The data_streams.lifecycle.retention.default
setting in Elasticsearch controls the default retention period for data streams. It determines how long data is kept in a data stream before it is automatically deleted.
- Default value: None (no default retention period)
- Possible values: Time units (e.g., "30d" for 30 days, "6m" for 6 months)
- Recommendations: Set this value based on your data retention requirements and storage capacity
This setting provides a cluster-wide default retention period for all data streams. When set, it applies to any data stream that doesn't have a specific retention period defined in its index lifecycle policy.
This setting is available in Elasticsearch version 7.13 and later.
Example
To set the default retention period for all data streams to 90 days:
PUT _cluster/settings
{
"persistent": {
"data_streams.lifecycle.retention.default": "90d"
}
}
Changing this setting can help manage storage costs and comply with data retention policies. It ensures that old data is automatically removed from your data streams after the specified period.
Common Issues and Misuses
- Setting too short a retention period may result in premature data loss
- Setting too long a retention period can lead to excessive storage consumption
- Forgetting to consider this setting when planning storage capacity
Do's and Don'ts
Do's:
- Align the retention period with your business and compliance requirements
- Monitor storage usage regularly to ensure the retention period is appropriate
- Use more specific retention settings in individual index lifecycle policies when needed
Don'ts:
- Don't set a retention period shorter than your longest-running queries or analytics jobs
- Don't rely solely on this setting for critical data retention policies; use it in conjunction with other data management practices
- Don't forget to adjust this setting when your data retention requirements change
Frequently Asked Questions
Q: How does this setting interact with index lifecycle policies?
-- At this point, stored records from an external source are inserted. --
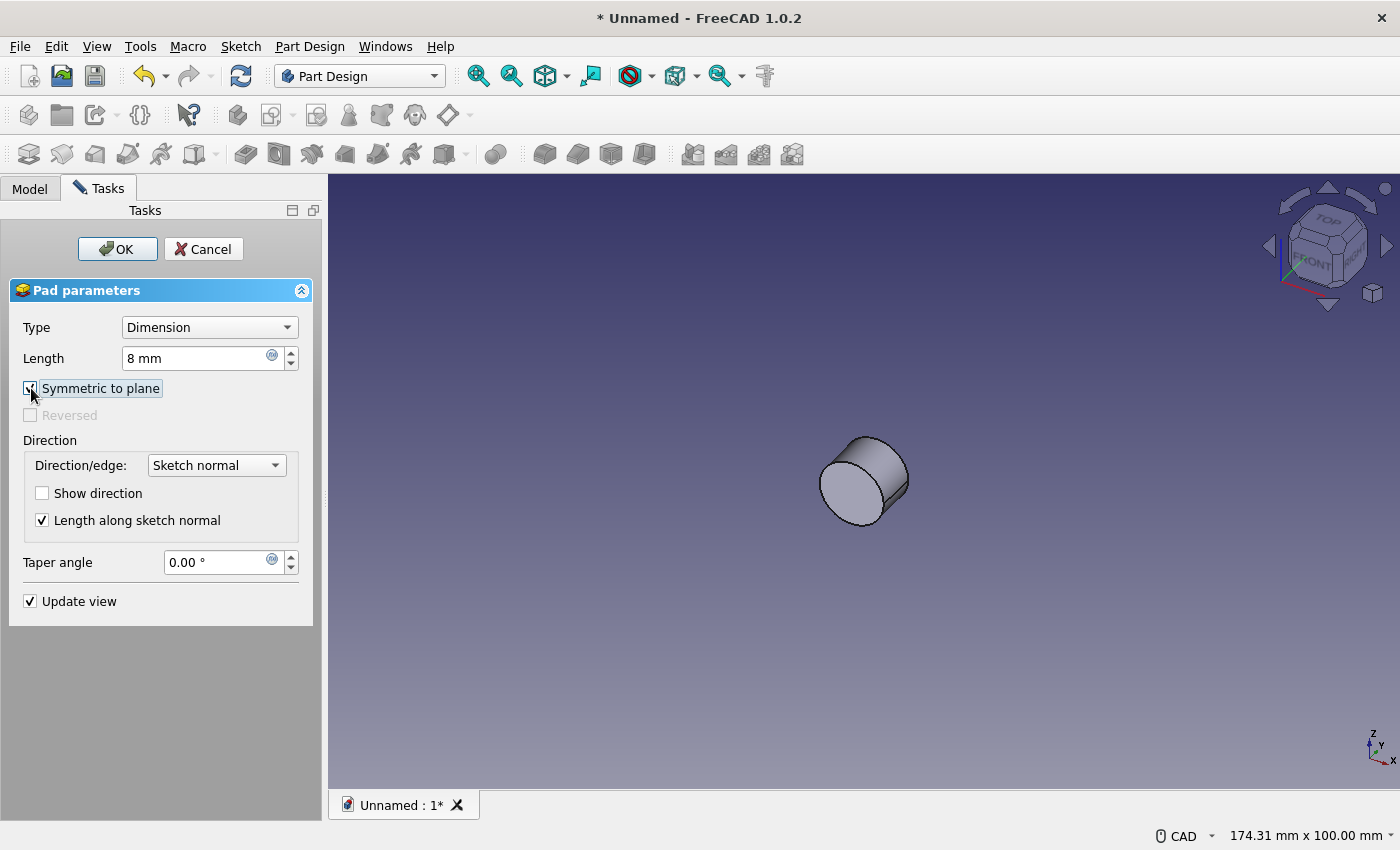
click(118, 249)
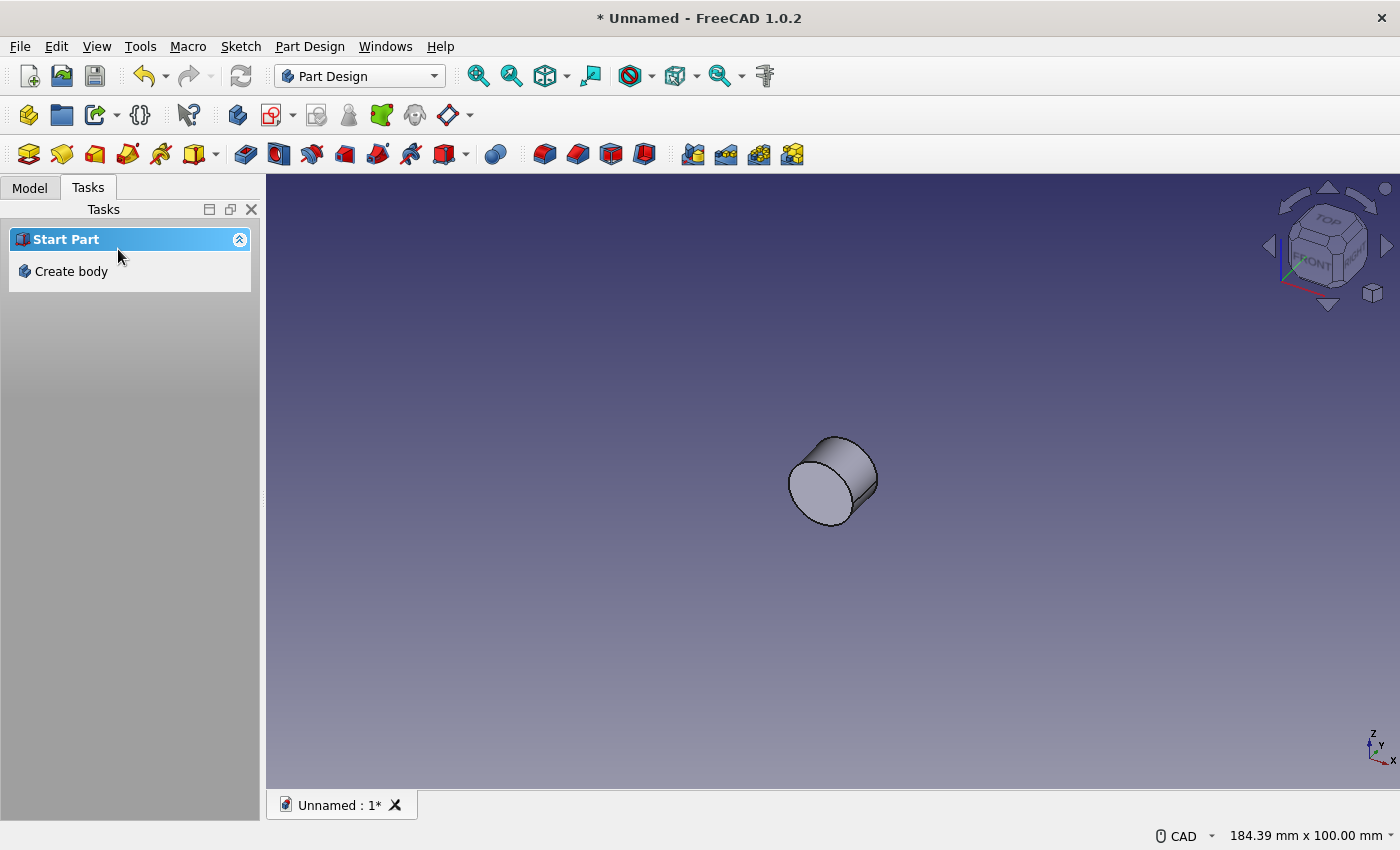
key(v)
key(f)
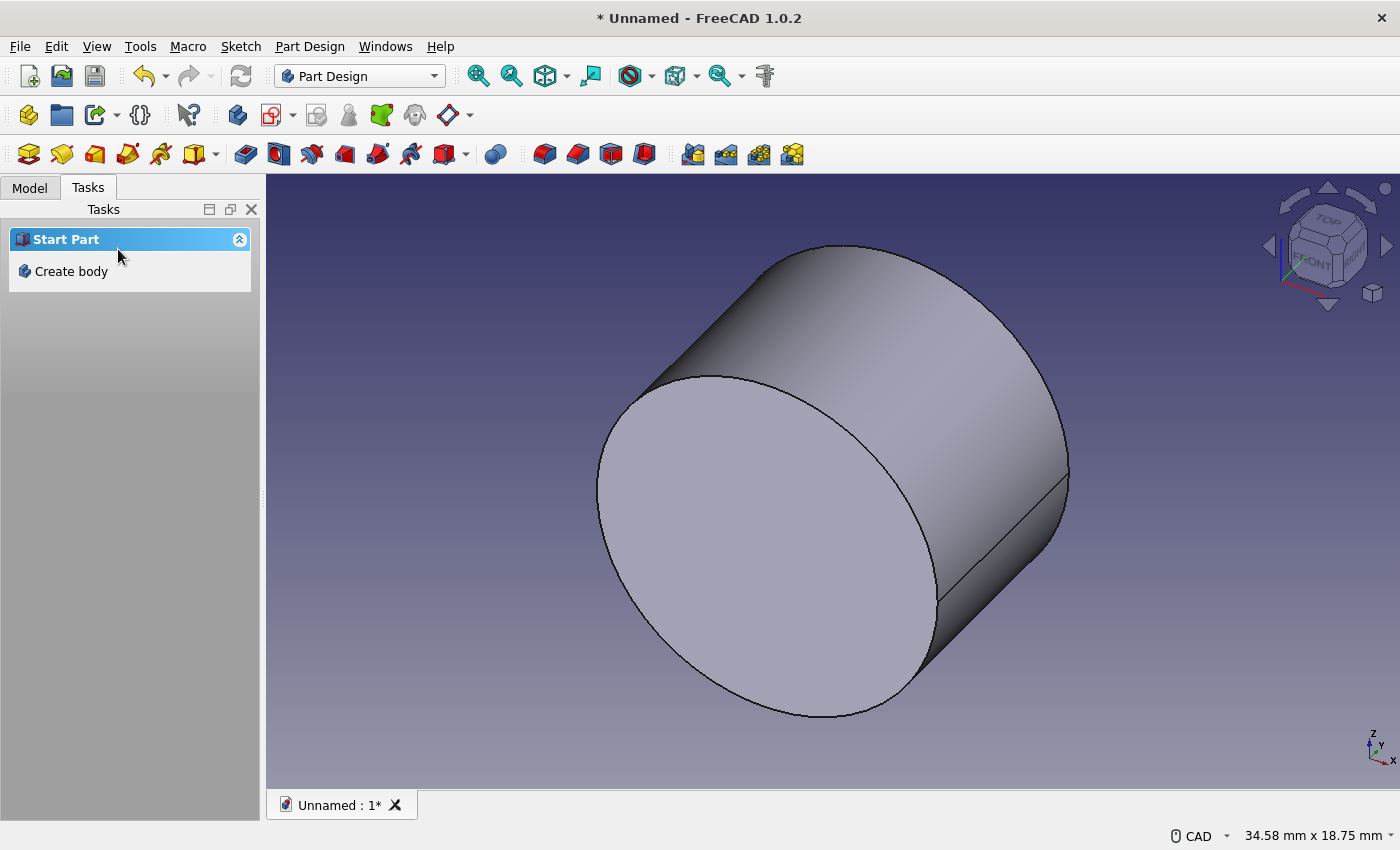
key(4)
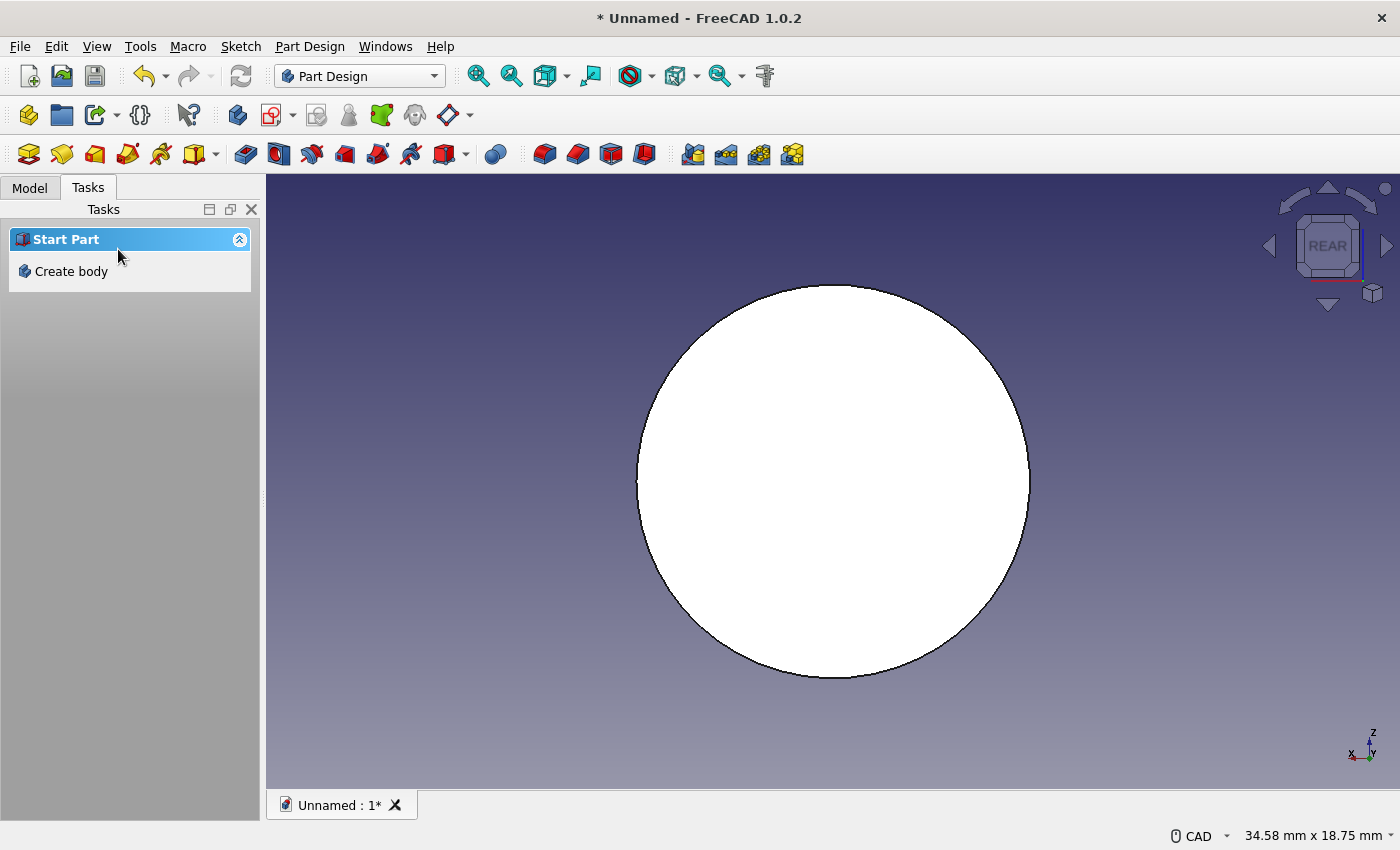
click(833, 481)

A: This setting provides a default retention period for data streams that don't have a specific retention period defined in their index lifecycle policy. If an index lifecycle policy specifies a retention period, it will override this default setting for that particular data stream.
Q: Can I change the retention period for an existing data stream?
A: Yes, you can change the retention period for an existing data stream by updating its index lifecycle policy. The default setting will only apply to new data streams or those without a specific retention period in their policy.
Q: What happens to the data when the retention period is reached?
A: When data in a stream reaches the retention period, Elasticsearch will automatically delete the affected backing indices, removing the old data from the stream.
Q: Does this setting affect all indices or only data streams?
A: This setting only affects data streams. Regular indices are not impacted by this setting and should be managed using index lifecycle policies or other methods.
Q: How can I monitor the effects of this setting on my cluster?
A: You can use Elasticsearch's monitoring features, such as the Index Management UI in Kibana, to track the lifecycle of your data streams and observe when indices are deleted due to the retention policy.